This thread has been locked.

If you have a related question, please click the "Ask a related question" button in the top right corner. The newly created question will be automatically linked to this question.

66AK2H12: About MSMC & DDR Starvation Counters and DDR CoS

Part Number: 66AK2H12

Hello all, I hope you are all fine.
I have been experimenting with MSMC & DDR starvation counters and DDR CoS for a while. My primary purpose is to change the allocated throughput on some specific cores. For that purpose, I experimented with the MDMAARB register, and its results were OK. As I said, now I am experimenting with starvation counters and CoS.
My program works as follows;
Caching is enabled in all of the cores. All cores start simultaneously to transfer data from/to L2 to MSMC, MSMC to L2, L2 to DDR, DDR to L2. On the shared memory regions, cores access different portions of the memory. At the beginning and end of transfers, cores initiate their CSL timers to record the time. Then they calculate the throughput values from that time and data size. To prevent measuring mistakes due to caching, I write back the cache to DDR in DDR transfer cases. My transfer size is 16KB for each core, and I tried the project with different core numbers.
As a result, I expected to observe different throughput results for those cores. I changed their register values, but I did not observe anything. The results were very similar to the default cases where the starvation counters and COS settings are default values from TI.
What can be the issue with that? Is it somewhat expected? How can I change the throughput allocated to a core with those registers?
Best Regards.

  • Hi,

    >>>> , cores initiate their CSL timers to record the time. >>>> Isn't TSCL used for time stamp, this is CPU cycle. And timer is CPU/6.
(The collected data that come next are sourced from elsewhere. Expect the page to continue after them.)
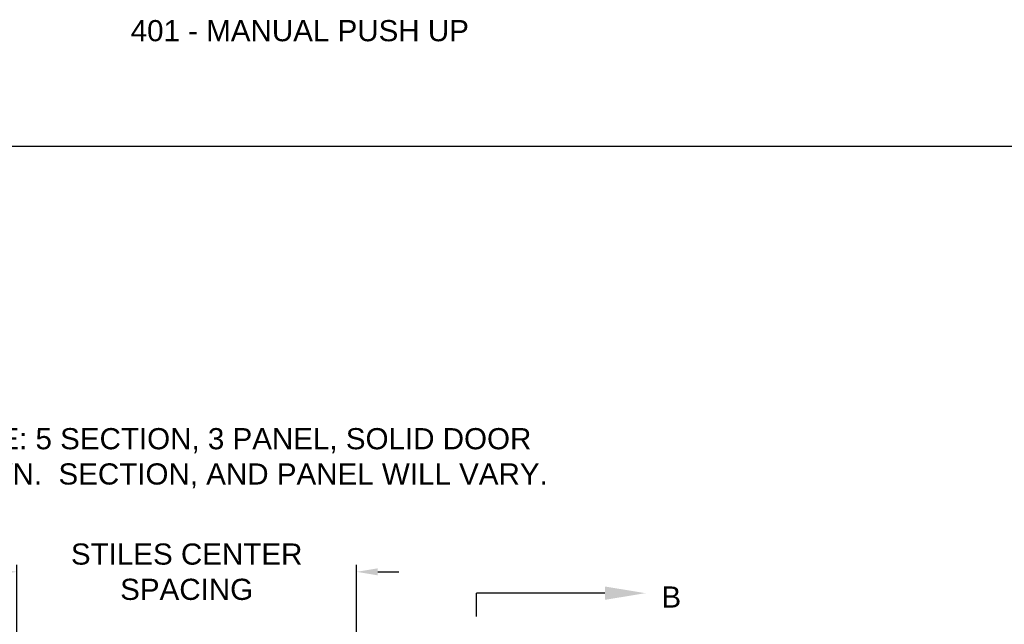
# Model space of a CAD drawing. Header units: inches. Extents: x 168.8 to 189.1, y 234.4 to 247.7.
# Tile 8 of 8: x 180.6 to 184.9, y 245.1 to 247.7. Entities that reach past the tile are written whole.
import ezdxf
from ezdxf import colors
from ezdxf.entities.mleader import LeaderData, LeaderLine
from ezdxf.math import Vec2, Vec3

# ---------------------------------------------------------------- set-up
doc = ezdxf.new("R2010")
doc.units = ezdxf.units.IN
doc.header["$LTSCALE"] = 0.25
doc.header["$MEASUREMENT"] = 0
doc.linetypes.add('CENTER', pattern=[2, 1.25, -0.25, 0.25, -0.25])
for name, color, linetype in [('ANNOTATIONS', 1, 'Continuous'), ('MANUAL PU', 7, 'Continuous'), ('SECTION CUTS', 6, 'CENTER')]:
    doc.layers.add(name, color=color, linetype=linetype)
doc.styles.add('ARIAL', font='arial.ttf', dxfattribs={"height": 0.09375})
doc.styles.get("Standard").update_dxf_attribs({"font": 'romans.shx'})
doc.dimstyles.new('STANDARD$0', dxfattribs={"dimtxt": 0.09375, "dimasz": 0.09375, "dimexe": 0.03125, "dimexo": 0.046875, "dimgap": 0.09, "dimtad": 0, "dimtih": 1, "dimtoh": 1, "dimdec": 4, "dimzin": 0, "dimdsep": 46, "dimtxsty": 'ARIAL', "dimcen": 0.09, "dimadec": 0, "dimazin": 0, "dimtfac": 1, "dimtdec": 4, "dimtofl": 0, "dimtmove": 0, "dimatfit": 1, "dimfxl": 1, "dimtolj": 1, "dimtzin": 0, "dimarcsym": 0})

# ---------------------------------------------------------------- blocks, each defined once
blk = doc.blocks.new('*D7')
at = {"layer": 'ANNOTATIONS', "color": 0, "lineweight": -2, "transparency": 16777216}
for p, q in [((180.4713, 245.2965), (180.3776, 245.2965)), ((180.5651, 244.9861), (180.5651, 245.3278)), ((182.0712, 244.9861), (182.0712, 245.3278)), ((182.1649, 245.2965), (182.2587, 245.2965))]:
    blk.add_line(p, q, dxfattribs=at)
at = {"layer": 'ANNOTATIONS', "color": 0, "transparency": 16777216}
for points in [[(180.4713, 245.3121), (180.4713, 245.2809), (180.5651, 245.2965)], [(182.1649, 245.3121), (182.1649, 245.2809), (182.0712, 245.2965)]]:
    blk.add_solid(points, dxfattribs=at)
at = {"layer": 'defpoints', "color": 0, "transparency": 16777216}
for p in [(182.0712, 245.2965), (180.5651, 244.9392), (182.0712, 244.9392)]:
    blk.add_point(p, dxfattribs=at)
at = {"layer": 'ANNOTATIONS', "color": 0, "transparency": 16777216, "insert": (181.3181, 245.2965), "char_height": 0.09375, "attachment_point": 5, "style": 'ARIAL'}
blk.add_mtext('\\A1;STILES CENTER \\PSPACING', dxfattribs=at)

msp = doc.modelspace()

# ---------------------------------------------------------------- hatches: boundary and pattern name
at = {"layer": 'MANUAL PU'}
h = msp.add_hatch(dxfattribs=at)
h.set_pattern_fill('ANSI31', color=256)
h.paths.add_polyline_path([(179.35256, 238.57545), (179.0083, 238.57545), (178.99069, 238.49533), (178.93224, 238.66046), (178.90041, 238.57545), (178.54078, 238.57545), (178.53881, 238.57348), (178.53881, 238.27635), (178.62829, 238.25323), (178.45585, 238.20647), (178.53881, 238.16846), (178.53881, 237.88249), (179.35256, 237.88249)])
h.paths.add_polyline_path([(183.39886, 245.1148), (183.53309, 245.1148), (183.53309, 245.25543), (183.39886, 245.25543)], flags=9)
h.paths.add_polyline_path([(183.40954, 240.15547), (183.54377, 240.15547), (183.54377, 240.29609), (183.40954, 240.29609)], flags=9)
h.paths.add_polyline_path([(183.77487, 240.69517), (183.90948, 240.69517), (183.90948, 240.83579), (183.77487, 240.83579)], flags=9)
h.paths.add_polyline_path([(178.77187, 240.69517), (178.90648, 240.69517), (178.90648, 240.83579), (178.77187, 240.83579)], flags=9)
h.paths.add_polyline_path([(180.11803, 245.62877), (182.94486, 245.62877), (182.94486, 245.97987), (180.11803, 245.97987)], flags=9)
h.paths.add_polyline_path([(180.95035, 236.21057), (181.83426, 236.21057), (181.83426, 236.40376), (180.95035, 236.40376)], flags=9)
h.paths.add_polyline_path([(181.01036, 239.48198), (181.79233, 239.48198), (181.79233, 239.67517), (181.01036, 239.67517)], flags=9)
h.paths.add_polyline_path([(175.25049, 236.21057), (176.13421, 236.21057), (176.13421, 236.40376), (175.25049, 236.40376)], flags=9)

# ---------------------------------------------------------------- linework, layer by layer
at = {"layer": 'defpoints'}
msp.add_lwpolyline([(189.05875, 234.44685), (168.77187, 234.44685), (168.77187, 247.18196), (189.05875, 247.18196)], close=True, dxfattribs=at)
at = {"layer": 'SECTION CUTS'}
msp.add_line((182.60222, 240.19903), (182.60222, 245.20203), dxfattribs=at)

# ---------------------------------------------------------------- texts
at = {"layer": 'ANNOTATIONS', "insert": (181.06988, 247.74099), "char_height": 0.09375, "width": 6.6097632, "attachment_point": 1, "line_spacing_factor": 0.86134, "style": 'ARIAL'}
msp.add_mtext('401 - MANUAL PUSH UP', dxfattribs=at)
at = {"layer": 'ANNOTATIONS', "insert": (181.5287, 245.93328), "char_height": 0.09375, "width": 3.0834986, "attachment_point": 2, "style": 'ARIAL'}
msp.add_mtext('NOTE: 5 SECTION, 3 PANEL, SOLID DOOR SHOWN.  SECTION, AND PANEL WILL VARY.', dxfattribs=at)
at = {"layer": 'SECTION CUTS', "style": 'ARIAL'}
msp.add_text('B', height=0.09375, dxfattribs=at).set_placement((183.4223, 245.13824))

# ---------------------------------------------------------------- dimensions: what is measured, and where the dimension line sits
at = {"layer": 'ANNOTATIONS'}
dim = msp.add_linear_dim(base=(182.07118, 245.29651), p1=(180.56506, 244.93924), p2=(182.07118, 244.93924), text='STILES CENTER \\PSPACING', dimstyle='STANDARD$0', dxfattribs=at)
dim.commit()
dim.dimension.update_dxf_attribs({"geometry": '*D7', "text_midpoint": (181.31812, 245.29651)})

# ---------------------------------------------------------------- leaders
at = {"layer": 'SECTION CUTS'}
ml = msp.add_multileader_mtext('Standard', dxfattribs=at)
ml.set_content('', color=256)
ml.set_leader_properties()
ml.build(insert=Vec2(0, 0))
ml.multileader.update_dxf_attribs({"dogleg_length": 0, "arrow_head_size": 0.18})
ctx = ml.context
ctx.base_point, ctx.char_height, ctx.arrow_head_size, ctx.landing_gap_size, ctx.plane_origin, ctx.plane_x_axis, ctx.plane_y_axis = Vec3(182.60222, 245.20203), 0.18, 0.18, 0, Vec3(183.35174, 245.20203), Vec3(0, 1), Vec3(-1, 0)
notes = []
notes.append((ctx, [(0, (1, 1, 0), (182.60222, 245.20203), (1, 0), 0, [(0, [(183.35174, 245.20203)], 0, [])])]))
ctx.mtext.insert, ctx.mtext.text_direction, ctx.mtext.rotation, ctx.mtext.flow_direction = Vec3(182.51222, 245.20203), Vec3(0, 1), 1.5707963, 5
for ctx, leaders in notes:
    for number, flags, end, landing, length, lines in leaders:
        leader = LeaderData()
        leader.index, (leader.has_last_leader_line, leader.has_dogleg_vector, leader.attachment_direction) = number, flags
        leader.last_leader_point, leader.dogleg_vector, leader.dogleg_length = Vec3(end), Vec3(landing), length
        for number, points, colour, breaks in lines:
            line = LeaderLine()
            line.index, line.vertices, line.color, line.breaks = number, Vec3.list(points), colors.encode_raw_color(colour), breaks
            leader.lines.append(line)
        ctx.leaders.append(leader)

doc.saveas('drawing.dxf')

    >>>> My transfer size is 16KB for each core >>>>> Is this the EDMA transfer or CPU? Do you have multiple transfer in parallel or just one transfer a time? What is the throughput number you got? 

    Regards, Eric

  • Yes, I use TSCL. At the beginning of memcpy I record it, and I also record it after transfer completion. Then I take the difference and find the throughput with simple math.

    I used CPU transfers which are parallel multi CPU transfers simultaneously. Also, I have the EDMA versions of those but I will stick to CPU now.

    For example, let's say 7 cores do simultaneous DDR to L2SRAM transfers. DDR is enabled as cacheable. For each core, I get around 1500MB/s throughput values. In addition to that modifying MSMC SBND counters or DDR COS settings and values does not affect this value too much. I put one core in the best counter values the rest of the core to the worst values for example.

    It is only +-30MB/s with those values.

  • Hi,

    >>>>>For each core, I get around 1500MB/s throughput values. >>>>>>Can you double check this number? I am not sure you can get such high throughput using CPU. I don't have the number on my hands but I think it is hundreds MB/s ballpak. Are you able to use a big data chuck, like 64KB or 128KB for memcpy?

    There is some number for DDR COS on Keystone I device, the test uses EDMA. See attached PDF. You may see the same on KS II if using EDMA.

    Regards, Eric

     7367.sprabk5a_throughput.pdf

  • Also for those data chunks such as 64KB or 128KB I have similar results. My results seem OK for me when I consider this document  (page 36) ;

    6283.8371.K2 SOC Memory Performance.doc

  • Is there a reason for this issue?